Kaley Cuoco pursued tennis as a child
Kaley Cuoco discovered her love for tennis as a kid. Her parents wanted her to be well-rounded, so they encouraged her to have a hobby in addition to acting. Cuoco told Cosmopolitan, “My Mom made this rule: If you want to do [acting], you have to pick something else, too.” And tennis was an obvious choice for young Cuoco.
By the time she was almost a teenager, Cuoco was participating tennis competitions. She even became a regionally ranked amateur, according to People Magazine! “As cheesy as it sounds, all my eggs were never in just one basket. I had a thousand baskets going on,” she explained to Cosmopolitan. But that all changed when she presumably realized she couldn’t divide her time and focus between acting and tennis and would have to choose between her two loves.
So at age 16, Cuoco made the decision to call game, set, match, and she stopped pursuing tennis professionally, instead focusing on performing.
Kaley Cuoco started getting homeschooled in the fifth grade
Kaley Cuoco’s earliest career successes were appearances in commercials, as noted by Business Insider. Those gigs were quickly followed by her first television role at age 7. She played Connie Reinhardt in the 1992 television movie thriller Quicksand: No Escape. In an interview with Sidewalks, she shared that she remembers being on stage as a child and feeling no pressure from her parents. “My parents said, ‘Do it or don’t,'” she stated.

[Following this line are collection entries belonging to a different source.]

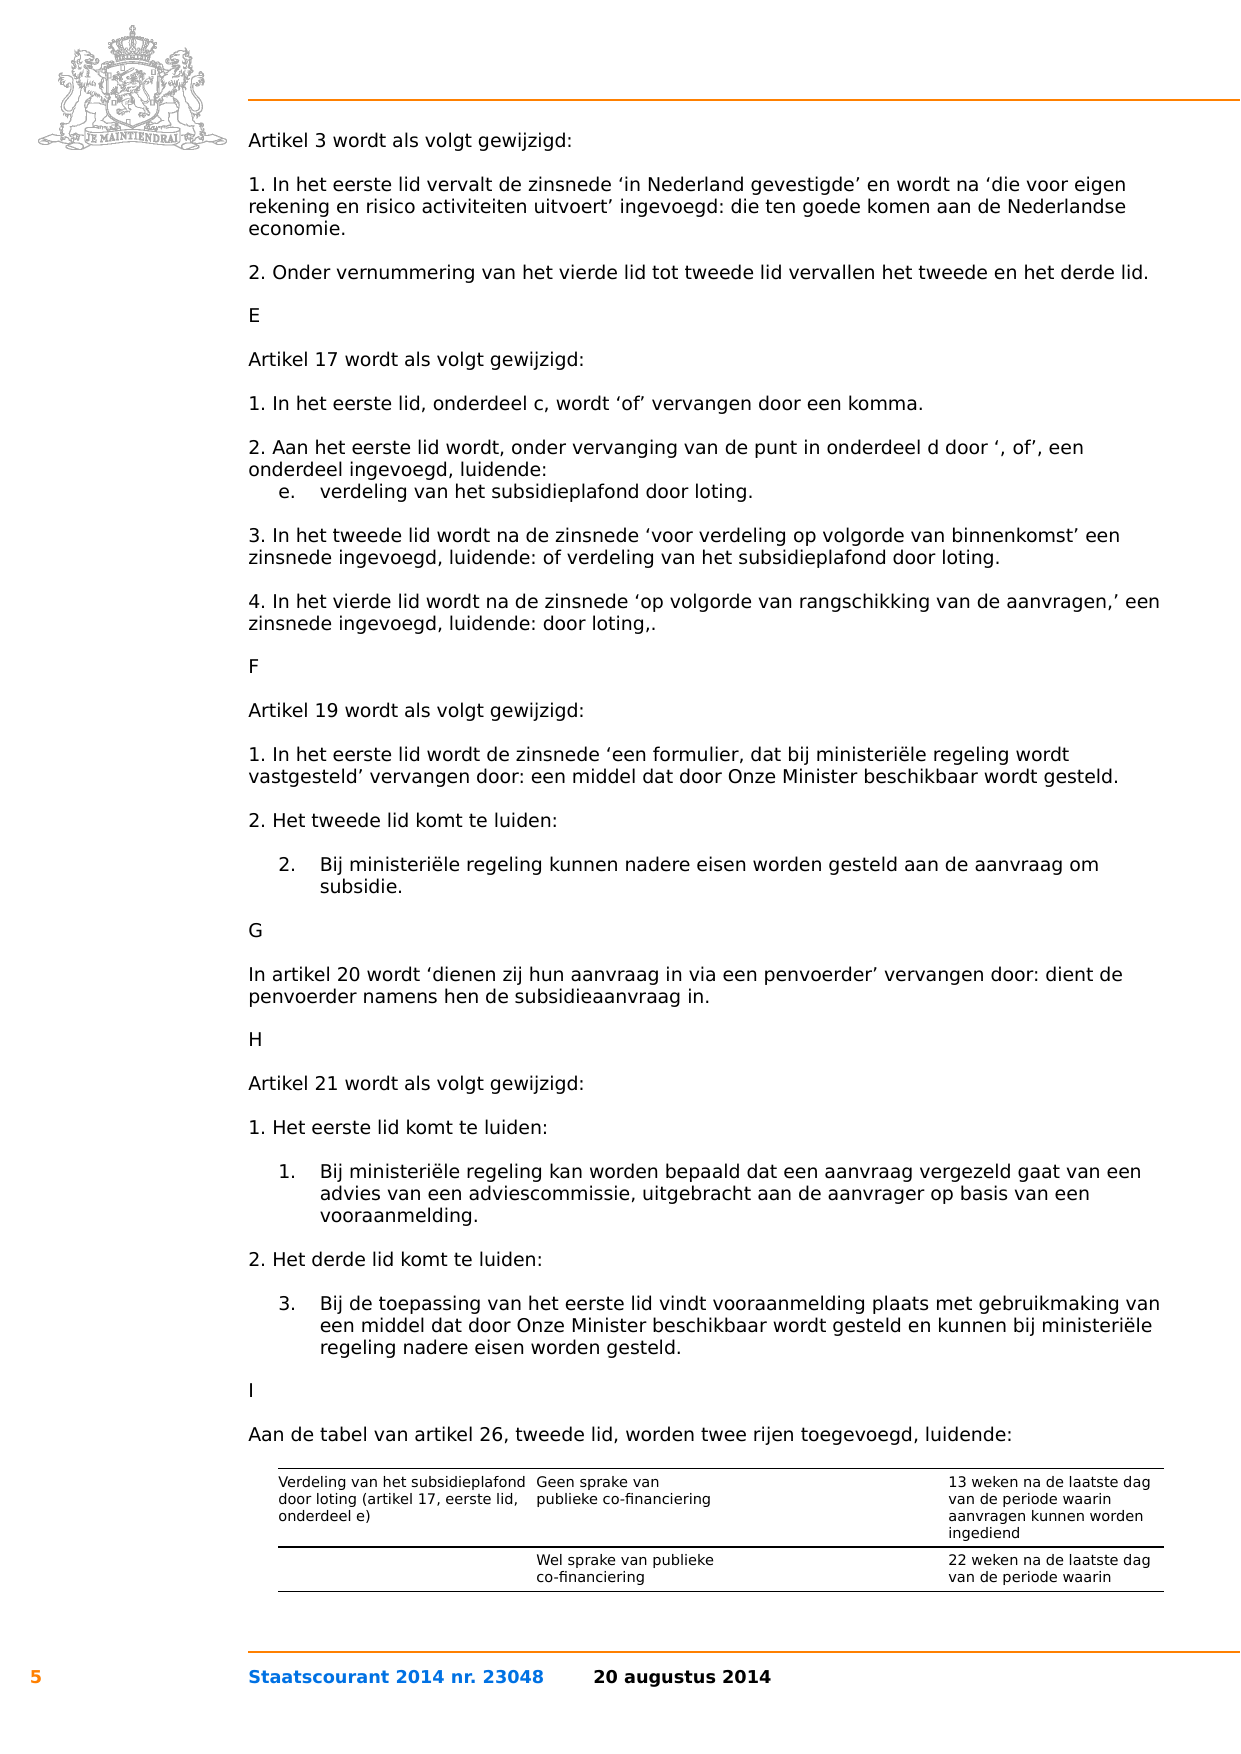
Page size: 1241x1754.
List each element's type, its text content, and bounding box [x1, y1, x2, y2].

text 2. Het derde lid komt te luiden: [248, 1249, 1163, 1271]
text 1. Het eerste lid komt te luiden: [248, 1117, 1163, 1139]
text Artikel 3 wordt als volgt gewijzigd: [248, 130, 1163, 152]
table_cell [278, 1548, 530, 1591]
text I [248, 1380, 1163, 1402]
text 2. Aan het eerste lid wordt, onder vervanging van de punt in onderdeel d door ‘, of’, een onderdeel ingevoegd, luidende: [248, 437, 1163, 481]
table_header [721, 1469, 942, 1546]
table_cell 22 weken na de laatste dag van de periode waarin [942, 1548, 1163, 1591]
text G [248, 920, 1163, 942]
table_header Verdeling van het subsidieplafond door loting (artikel 17, eerste lid, onderdeel e) [278, 1469, 530, 1546]
table_header 13 weken na de laatste dag van de periode waarin aanvragen kunnen worden ingediend [942, 1469, 1163, 1546]
text 3. Bij de toepassing van het eerste lid vindt vooraanmelding plaats met gebruikmaking van een middel dat door Onze Minister beschikbaar wordt gesteld en kunnen bij ministeriële regeling nadere eisen worden gesteld. [278, 1293, 1163, 1358]
text 1. Bij ministeriële regeling kan worden bepaald dat een aanvraag vergezeld gaat van een advies van een adviescommissie, uitgebracht aan de aanvrager op basis van een vooraanmelding. [278, 1161, 1163, 1227]
text Artikel 21 wordt als volgt gewijzigd: [248, 1073, 1163, 1095]
text 1. In het eerste lid wordt de zinsnede ‘een formulier, dat bij ministeriële regeling wordt vastgesteld’ vervangen door: een middel dat door Onze Minister beschikbaar wordt gesteld. [248, 744, 1163, 788]
text Aan de tabel van artikel 26, tweede lid, worden twee rijen toegevoegd, luidende: [248, 1424, 1163, 1446]
text H [248, 1029, 1163, 1051]
picture [38, 25, 227, 150]
text Artikel 17 wordt als volgt gewijzigd: [248, 349, 1163, 371]
text E [248, 305, 1163, 327]
text 2. Het tweede lid komt te luiden: [248, 810, 1163, 832]
table_cell Wel sprake van publieke co-financiering [530, 1548, 721, 1591]
text Artikel 19 wordt als volgt gewijzigd: [248, 700, 1163, 722]
text 3. In het tweede lid wordt na de zinsnede ‘voor verdeling op volgorde van binnenkomst’ een zinsnede ingevoegd, luidende: of verdeling van het subsidieplafond door loting. [248, 525, 1163, 569]
text 1. In het eerste lid, onderdeel c, wordt ‘of’ vervangen door een komma. [248, 393, 1163, 415]
text 4. In het vierde lid wordt na de zinsnede ‘op volgorde van rangschikking van de aanvragen,’ een zinsnede ingevoegd, luidende: door loting,. [248, 591, 1163, 634]
table_header Geen sprake van publieke co-financiering [530, 1469, 721, 1546]
text 1. In het eerste lid vervalt de zinsnede ‘in Nederland gevestigde’ en wordt na ‘die voor eigen rekening en risico activiteiten uitvoert’ ingevoegd: die ten goede komen aan de Nederlandse economie. [248, 174, 1163, 240]
text e. verdeling van het subsidieplafond door loting. [278, 481, 1163, 503]
text F [248, 656, 1163, 678]
text 2. Onder vernummering van het vierde lid tot tweede lid vervallen het tweede en het derde lid. [248, 262, 1163, 283]
table_cell [721, 1548, 942, 1591]
text 2. Bij ministeriële regeling kunnen nadere eisen worden gesteld aan de aanvraag om subsidie. [278, 854, 1163, 898]
text In artikel 20 wordt ‘dienen zij hun aanvraag in via een penvoerder’ vervangen door: dient de penvoerder namens hen de subsidieaanvraag in. [248, 963, 1163, 1007]
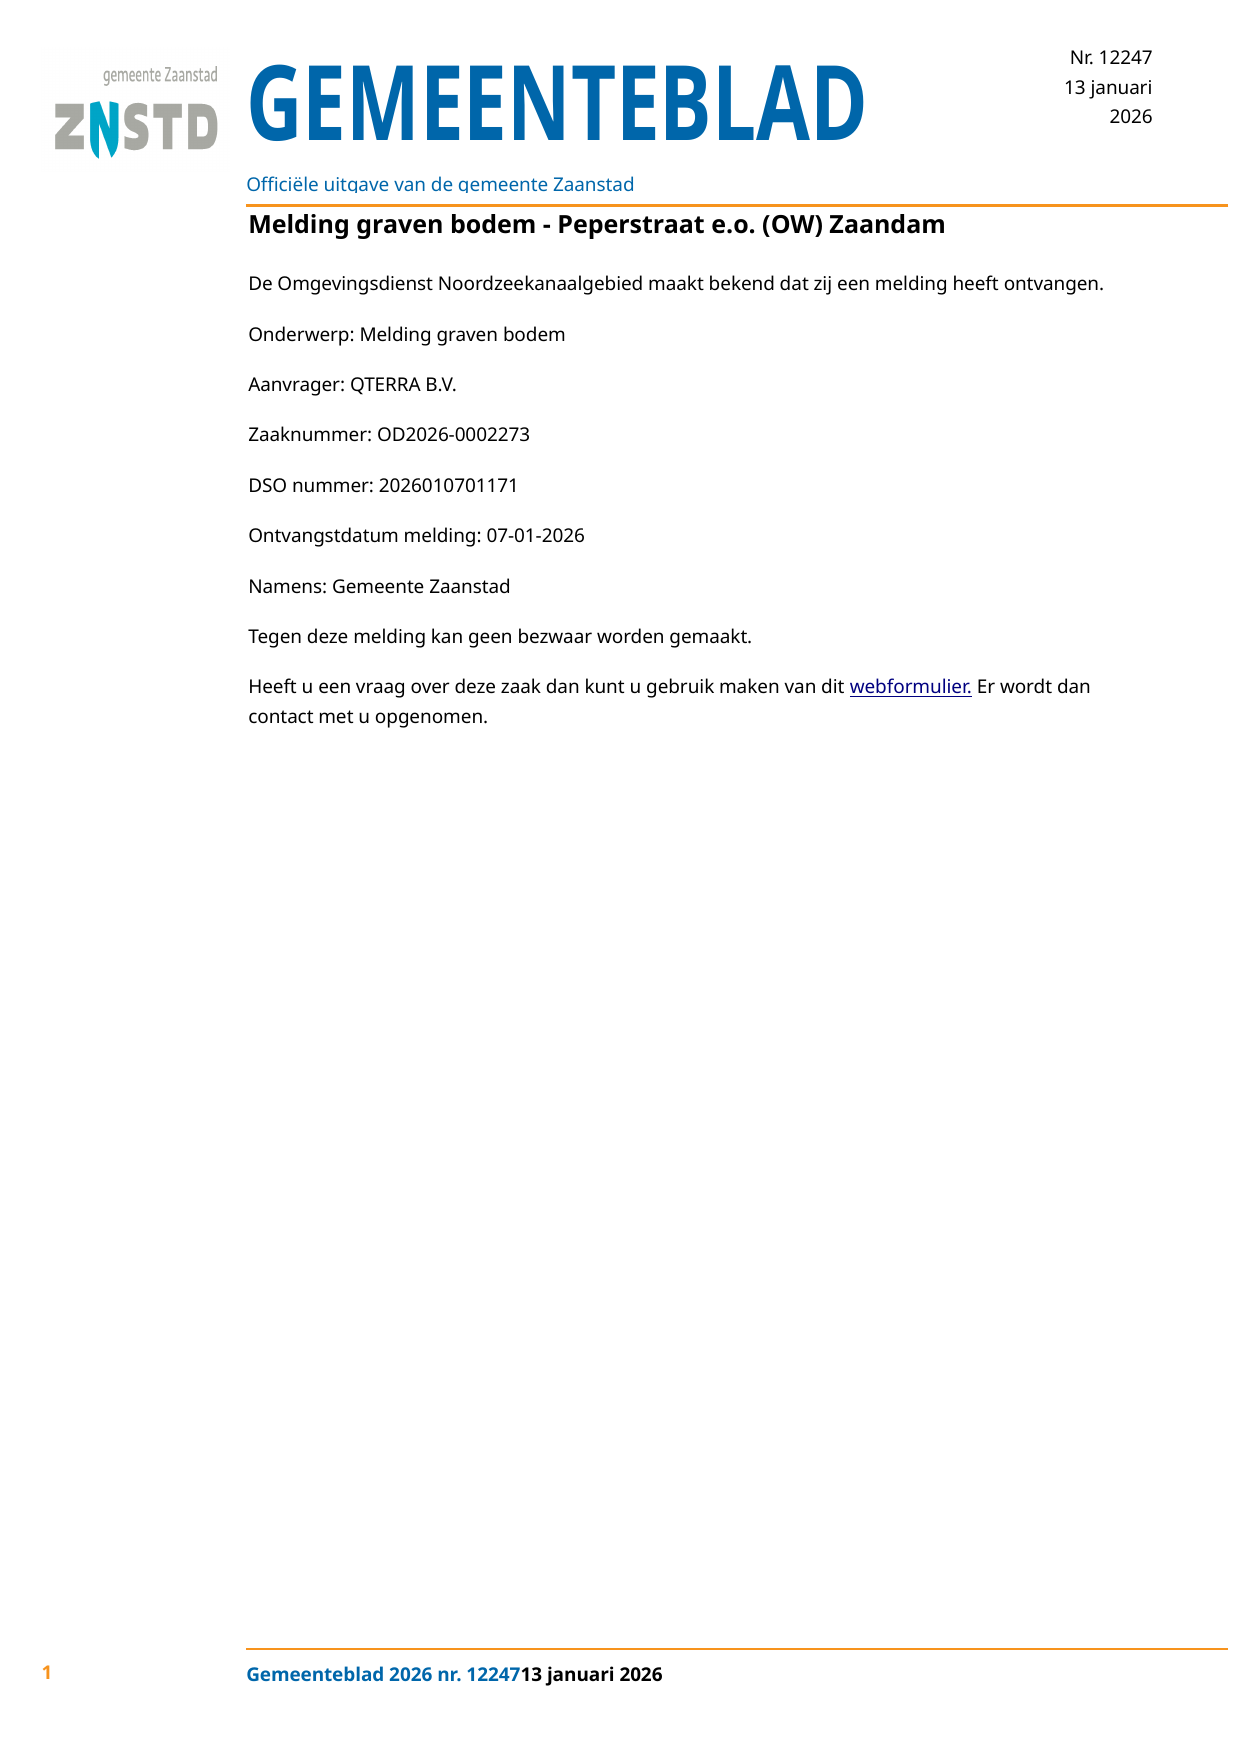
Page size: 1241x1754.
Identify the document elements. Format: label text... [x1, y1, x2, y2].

text Ontvangstdatum melding: 07-01-2026 [248, 522, 1152, 548]
text Aanvrager: QTERRA B.V. [248, 371, 1152, 397]
text Tegen deze melding kan geen bezwaar worden gemaakt. [248, 623, 1152, 649]
text Onderwerp: Melding graven bodem [248, 321, 1152, 346]
text Zaaknummer: OD2026-0002273 [248, 422, 1152, 447]
text Heeft u een vraag over deze zaak dan kunt u gebruik maken van dit webformulier. Er wordt dan contact met u opgenomen. [248, 674, 1152, 729]
text De Omgevingsdienst Noordzeekanaalgebied maakt bekend dat zij een melding heeft ontvangen. [248, 270, 1152, 296]
text Namens: Gemeente Zaanstad [248, 573, 1152, 598]
text DSO nummer: 2026010701171 [248, 472, 1152, 498]
picture [41, 47, 231, 172]
text Melding graven bodem - Peperstraat e.o. (OW) Zaandam [248, 207, 1152, 241]
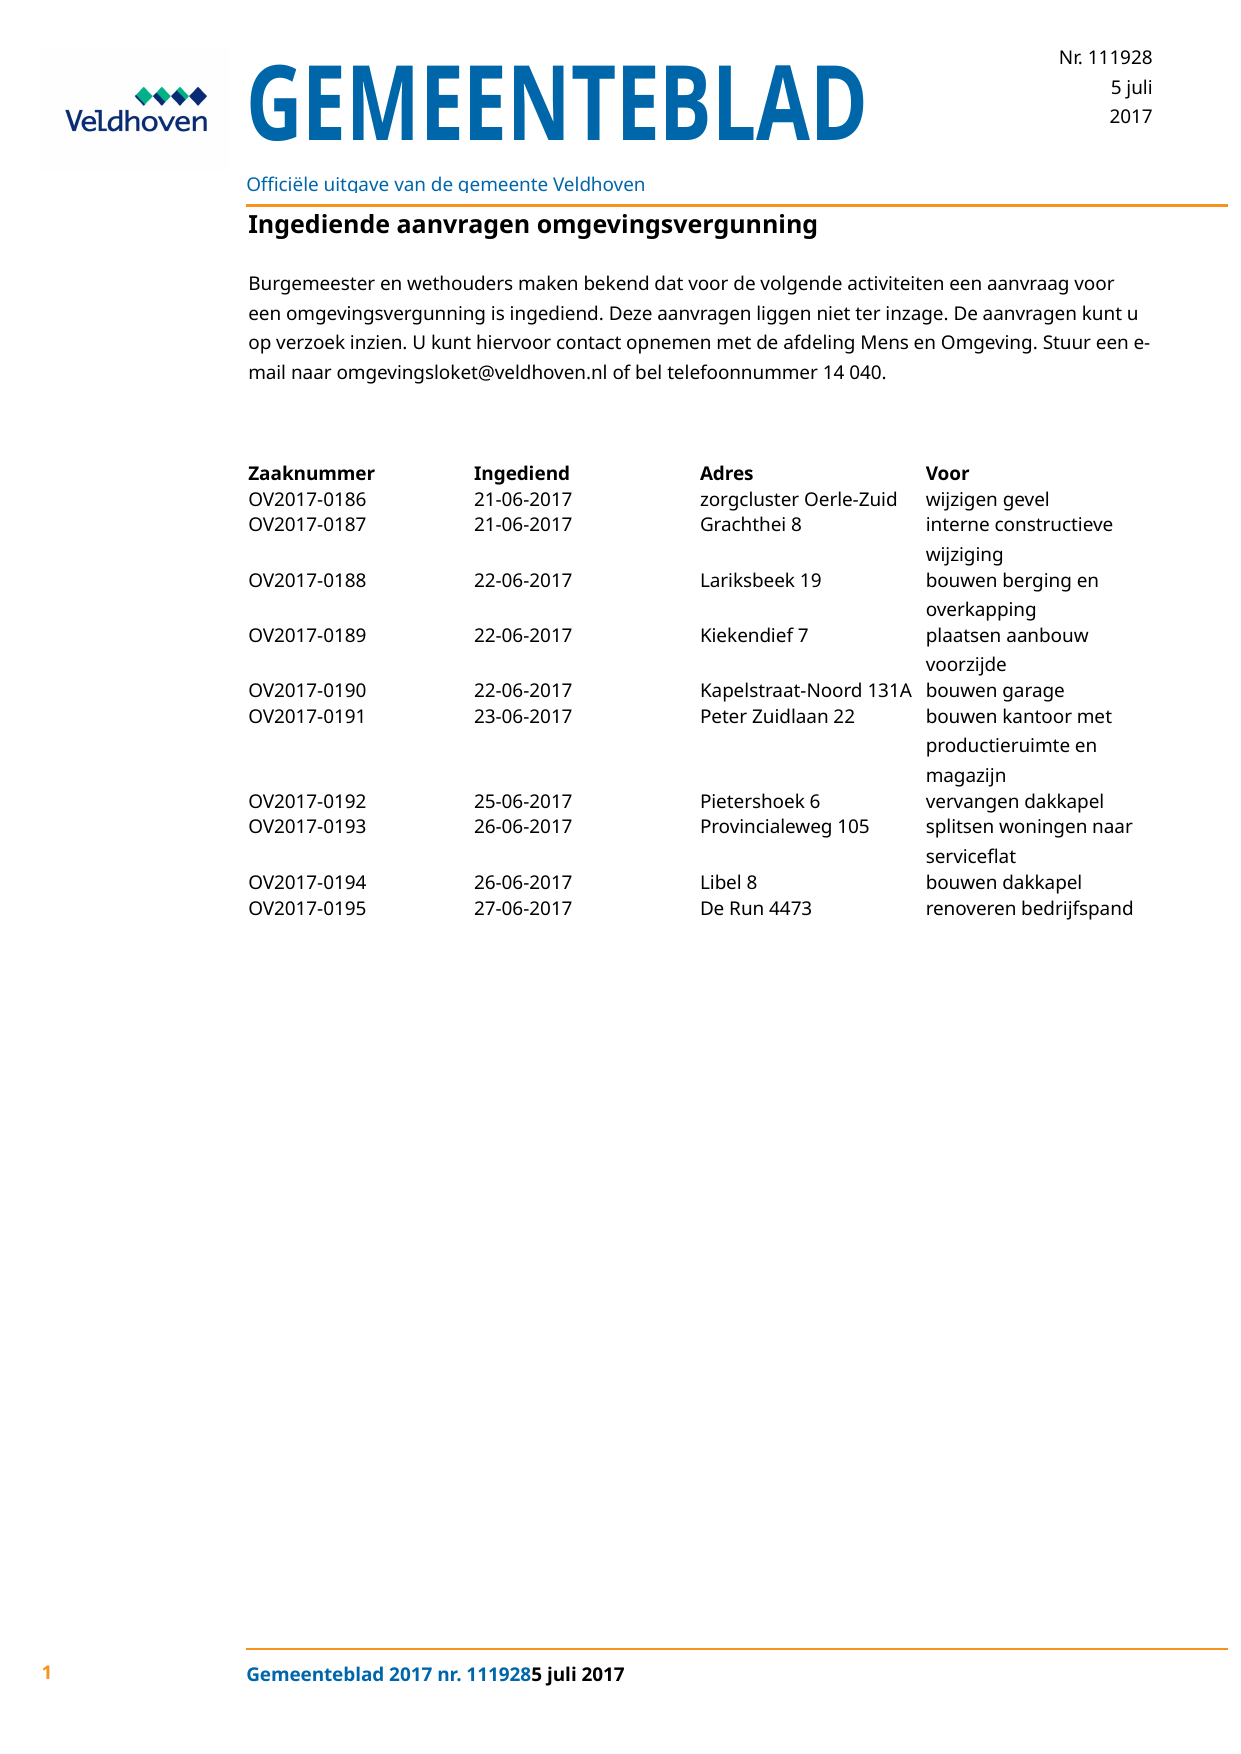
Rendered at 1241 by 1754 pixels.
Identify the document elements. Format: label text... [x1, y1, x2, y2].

table_cell bouwen dakkapel [926, 869, 1152, 895]
table_cell De Run 4473 [700, 895, 926, 921]
table_cell Kapelstraat-Noord 131A [700, 678, 926, 703]
table_cell OV2017-0188 [248, 567, 474, 622]
table_cell OV2017-0186 [248, 486, 474, 511]
table_cell Grachthei 8 [700, 511, 926, 567]
table_cell Peter Zuidlaan 22 [700, 703, 926, 788]
table_header Adres [700, 460, 926, 486]
table_cell OV2017-0189 [248, 622, 474, 677]
table_cell OV2017-0191 [248, 703, 474, 788]
table_cell OV2017-0193 [248, 814, 474, 869]
table_cell Provincialeweg 105 [700, 814, 926, 869]
table_cell OV2017-0187 [248, 511, 474, 567]
table_cell 22-06-2017 [474, 622, 700, 677]
table_cell 26-06-2017 [474, 869, 700, 895]
table_cell 27-06-2017 [474, 895, 700, 921]
text Burgemeester en wethouders maken bekend dat voor de volgende activiteiten een aanvraag voor een omgevingsvergunning is ingediend. Deze aanvragen liggen niet ter inzage. De aanvragen kunt u op verzoek inzien. U kunt hiervoor contact opnemen met de afdeling Mens en Omgeving. Stuur een e-mail naar omgevingsloket@veldhoven.nl of bel telefoonnummer 14 040. [248, 270, 1152, 385]
table_cell bouwen garage [926, 678, 1152, 703]
table_cell zorgcluster Oerle-Zuid [700, 486, 926, 511]
table_cell Kiekendief 7 [700, 622, 926, 677]
table_cell plaatsen aanbouw voorzijde [926, 622, 1152, 677]
table_cell 22-06-2017 [474, 567, 700, 622]
table_cell Pietershoek 6 [700, 788, 926, 814]
table_cell splitsen woningen naar serviceflat [926, 814, 1152, 869]
table_header Ingediend [474, 460, 700, 486]
table_header Voor [926, 460, 1152, 486]
table_cell OV2017-0192 [248, 788, 474, 814]
table_cell 22-06-2017 [474, 678, 700, 703]
table_cell OV2017-0190 [248, 678, 474, 703]
table_cell wijzigen gevel [926, 486, 1152, 511]
table_header Zaaknummer [248, 460, 474, 486]
table_cell bouwen berging en overkapping [926, 567, 1152, 622]
text Ingediende aanvragen omgevingsvergunning [248, 207, 1152, 241]
table_cell renoveren bedrijfspand [926, 895, 1152, 921]
table_cell OV2017-0195 [248, 895, 474, 921]
picture [41, 47, 231, 172]
table_cell bouwen kantoor met productieruimte en magazijn [926, 703, 1152, 788]
table_cell OV2017-0194 [248, 869, 474, 895]
table_cell 23-06-2017 [474, 703, 700, 788]
table_cell vervangen dakkapel [926, 788, 1152, 814]
table_cell interne constructieve wijziging [926, 511, 1152, 567]
table_cell Lariksbeek 19 [700, 567, 926, 622]
table_cell 25-06-2017 [474, 788, 700, 814]
table_cell 21-06-2017 [474, 511, 700, 567]
table_cell Libel 8 [700, 869, 926, 895]
table_cell 21-06-2017 [474, 486, 700, 511]
table_cell 26-06-2017 [474, 814, 700, 869]

But being a darling on the small screen didn’t make her so well-liked with the kids at school. “I wouldn’t say I was bullied, but I was definitely a bit of an outcast,” she said in a Parade magazine interview. So she started getting homeschooled in the fifth grade by her mother. She claims this made her much happier, and it also put her on an accelerated path, with Cuoco earning her high school diploma at age 16.
Despite the fact that she never went to high school, she did manage to snag an invitation to prom. Actress Ashley Tisdale asked Cuoco to go to prom with her during her first year working on 8 Simple Rules (via Parade).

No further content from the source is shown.